#### Data for this exercise:
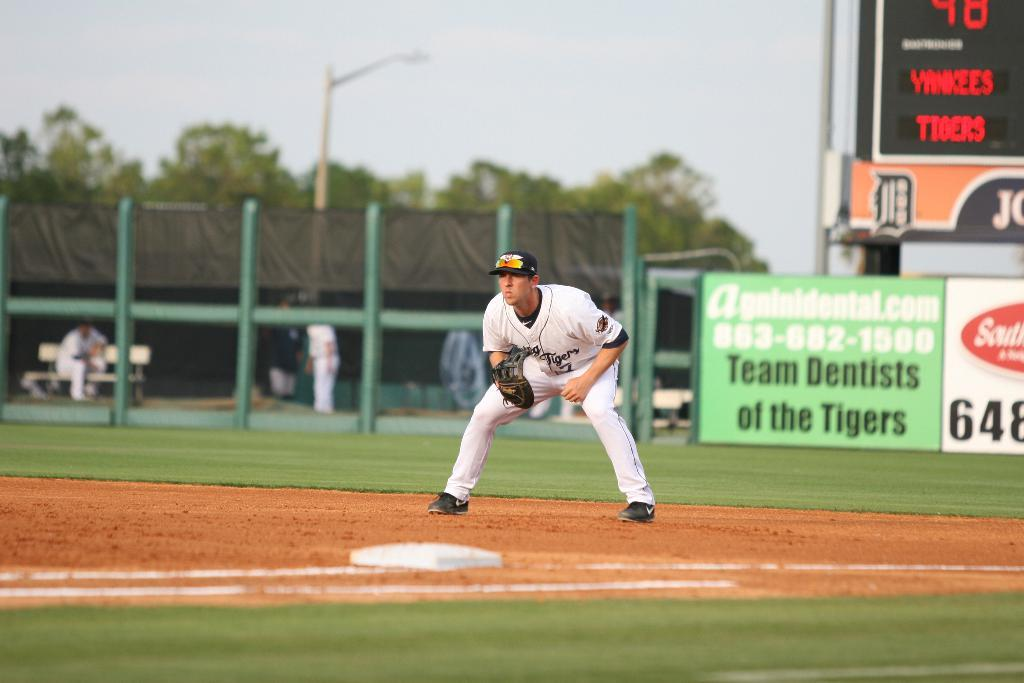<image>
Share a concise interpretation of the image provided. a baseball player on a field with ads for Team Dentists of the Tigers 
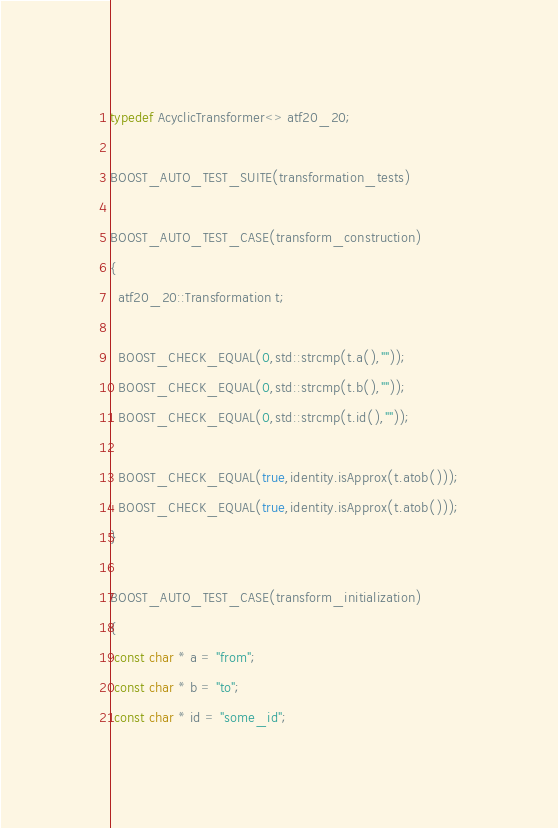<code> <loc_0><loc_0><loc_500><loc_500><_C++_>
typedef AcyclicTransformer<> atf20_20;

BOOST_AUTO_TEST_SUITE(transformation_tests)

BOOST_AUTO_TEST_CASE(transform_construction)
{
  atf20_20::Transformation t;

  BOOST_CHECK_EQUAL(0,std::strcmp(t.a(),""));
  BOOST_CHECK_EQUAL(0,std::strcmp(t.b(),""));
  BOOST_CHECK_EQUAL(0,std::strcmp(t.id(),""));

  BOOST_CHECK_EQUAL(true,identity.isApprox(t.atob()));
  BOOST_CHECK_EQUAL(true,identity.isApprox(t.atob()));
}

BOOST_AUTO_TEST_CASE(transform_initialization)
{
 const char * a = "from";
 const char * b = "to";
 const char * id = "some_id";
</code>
---
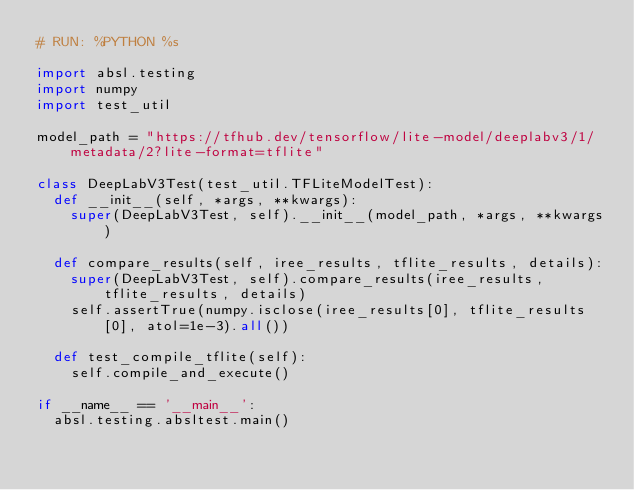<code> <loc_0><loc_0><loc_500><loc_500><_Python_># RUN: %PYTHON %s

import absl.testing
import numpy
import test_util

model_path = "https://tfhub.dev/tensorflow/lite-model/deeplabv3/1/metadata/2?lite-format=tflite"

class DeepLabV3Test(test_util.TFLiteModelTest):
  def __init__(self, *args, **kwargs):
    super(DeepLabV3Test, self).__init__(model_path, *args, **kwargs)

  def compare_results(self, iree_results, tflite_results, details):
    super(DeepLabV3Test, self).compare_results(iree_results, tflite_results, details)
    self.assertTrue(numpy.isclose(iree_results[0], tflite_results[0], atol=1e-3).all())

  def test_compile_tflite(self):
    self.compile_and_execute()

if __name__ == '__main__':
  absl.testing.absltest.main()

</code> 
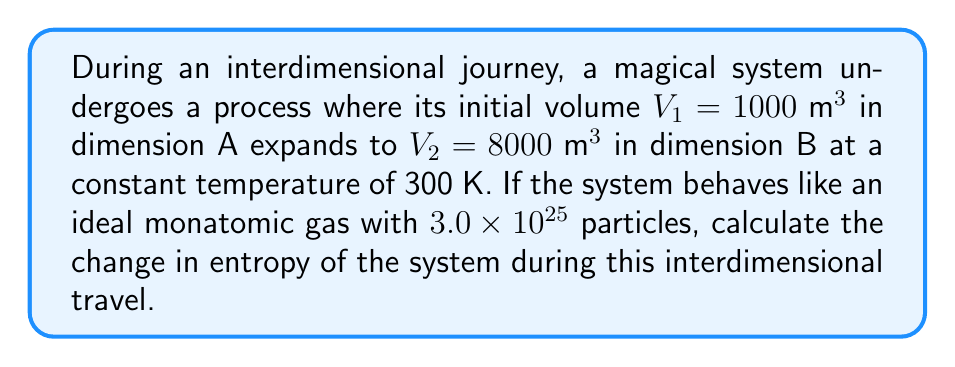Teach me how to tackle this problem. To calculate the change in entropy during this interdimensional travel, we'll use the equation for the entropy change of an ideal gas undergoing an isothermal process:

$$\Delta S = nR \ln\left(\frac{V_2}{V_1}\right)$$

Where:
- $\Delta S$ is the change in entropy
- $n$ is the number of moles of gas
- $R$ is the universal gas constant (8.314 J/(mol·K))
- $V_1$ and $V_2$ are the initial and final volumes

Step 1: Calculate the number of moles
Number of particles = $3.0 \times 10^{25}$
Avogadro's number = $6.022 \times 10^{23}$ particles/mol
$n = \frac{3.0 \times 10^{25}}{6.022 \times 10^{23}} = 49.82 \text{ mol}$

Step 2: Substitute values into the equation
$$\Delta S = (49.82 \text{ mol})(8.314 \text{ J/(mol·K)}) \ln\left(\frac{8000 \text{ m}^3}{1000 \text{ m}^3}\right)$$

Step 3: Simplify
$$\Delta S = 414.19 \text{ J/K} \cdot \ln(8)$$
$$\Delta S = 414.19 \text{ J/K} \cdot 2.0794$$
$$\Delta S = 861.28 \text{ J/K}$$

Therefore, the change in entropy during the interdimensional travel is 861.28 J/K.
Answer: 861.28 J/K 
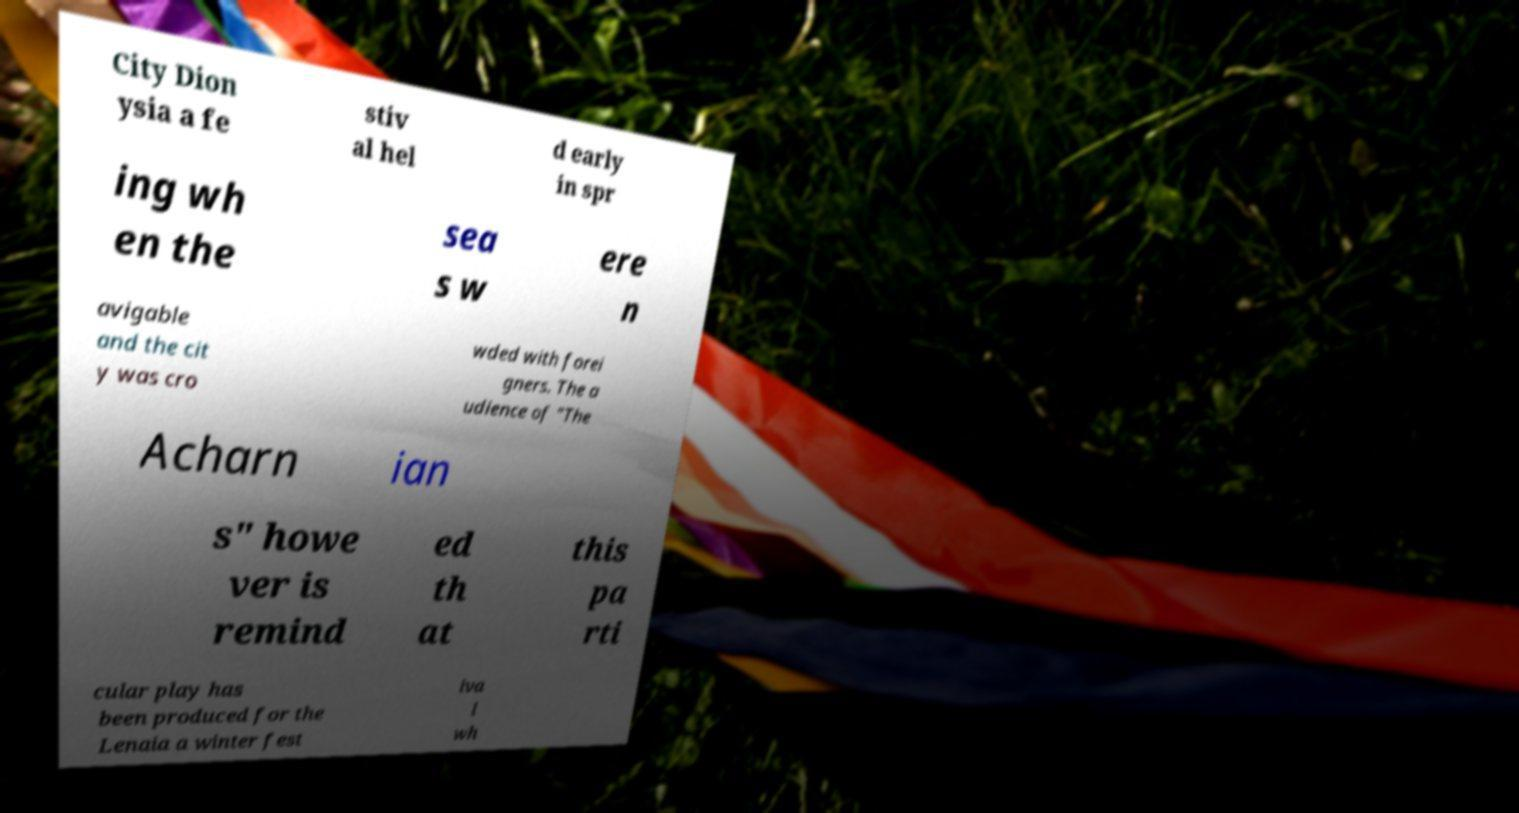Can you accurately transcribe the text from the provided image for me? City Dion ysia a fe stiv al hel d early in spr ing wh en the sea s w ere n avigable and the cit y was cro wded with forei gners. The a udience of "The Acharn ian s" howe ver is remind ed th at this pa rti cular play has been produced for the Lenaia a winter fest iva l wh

#### Problem description:
Identify and extract each line of the listing that contains "right".

#### Solution:
$$\Delta S = nR \ln\left(\frac{V_2}{V_1}\right)$$
$$\Delta S = (49.82 \text{ mol})(8.314 \text{ J/(mol·K)}) \ln\left(\frac{8000 \text{ m}^3}{1000 \text{ m}^3}\right)$$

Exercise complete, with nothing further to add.